Анатолий Ананьев - Годы без войны. Том второй
— Лечиться так уж лечиться! — Он предупредительно поднял палец. — Да проходи же, проходи, садись. — И он стал суетливо усаживать шурина в кресло перед письменным столом, в котором, ему казалось, удобнее всего будет устроиться шурину.
Никитична, с умилением, пока они обнимались, смотревшая на них — она всегда бывала неравнодушна к подобным встречам, — радостно прослезилась и ушла на кухню. Хотя ей не было сказано накрывать стол, но для нее это разумелось само собой, тем более что родственник Сергея Ивановича (тем, что был из деревни) вызывал в ней особое, словно был больше родственником ей, чем Сергею Ивановичу, волнение. «Из простых», — думала она, объединяя в этом слове все, что было ее жизнью и состояло из усилий достать, заработать и принести в дом. Она вообще делила людей на тех, кому все само шло в руки, как было, она видела, с Сергеем Ивановичем, у которого только и дел что посидеть за столом, но которому за эти его «сидения» отовсюду переводились деньги (звезда над ним, полагала она), и тех, кому все доставалось трудом, как ей, несшей свой, как она думала, крест, который, впрочем, Никитична несла теперь с удовольствием, пристроившись в доме Сергея Ивановича. И в соответствии с этим разделением на везучих и невезучих и в согласии с роднившим ее с Павлом чувством, возникшим при первой встрече с ним, она несколько раз выходила из кухни, чтобы посмотреть на мужчин. Она не прислушивалась, о чем они говорили, ей важно было, что они говорили, и, видя по их расслабленным лицам, что разговор шел душевный, удовлетворенно опять удалялась к себе. «Рады-то; господи, чего люди делят? — подумала она, вспомнив, как одно время Кирилл с женой осуждали ее за приносившие ей достаток дела. — Чего делят?»

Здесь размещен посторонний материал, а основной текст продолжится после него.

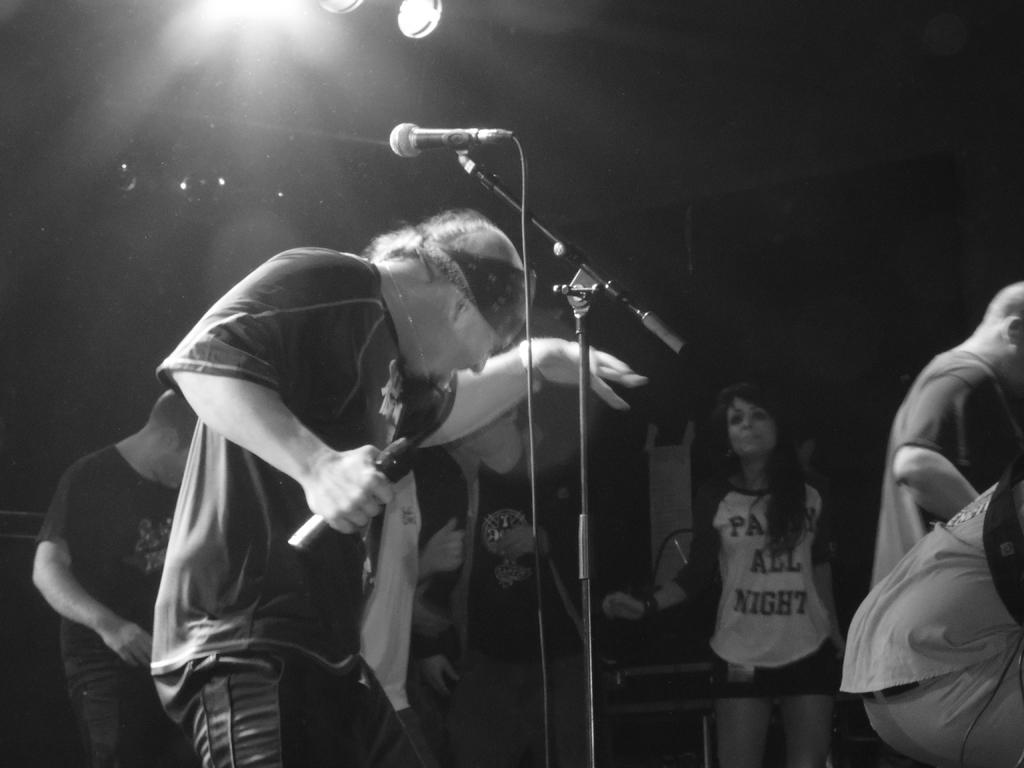Who is the main subject in the image? There is a person in the image. What is the person holding in the image? The person is holding a microphone. Can you describe the surrounding environment in the image? There are people around the person in the image. Is there another microphone visible in the image? Yes, there is a microphone in front of the person. What time of day is it in the image, given the presence of a morning rainstorm? There is no mention of a rainstorm or morning in the image, so we cannot determine the time of day based on that information.

В холодильнике у нее лежал со вчерашнего еще вечера приготовленный куриный фарш для котлет, и она не могла решиться, накормить ли гостя куриными котлетами, которые так нравились Наташе и считались праздничным в доме блюдом, или зажарить мясо в духовке, что тоже, как ей казалось, она умела приготовить (и что более «шло под столичную», как однажды заметил ей Станислав). «Столичная» была уже на столе, на столе были рубиновые, из хрусталя, рюмки и мельхиоровые ножи и вилки, которые хороши были, пока не употреблялись, и сейчас же темнели, как только пускались в дело, за что Никитична не любила их, и на столе были салат и закуски, красиво, по мнению хозяйки, смотревшиеся на блюдах, а решения, что из горячего подать, все не приходило, и это неприятно волновало Никитичну. В конце концов подумав, что неплохо будет, если приготовить и то, и другое: «Выпьют, так только подкладывай, все сметут», — она вынула из холодильника и мясо и куриный фарш и принялась за дело.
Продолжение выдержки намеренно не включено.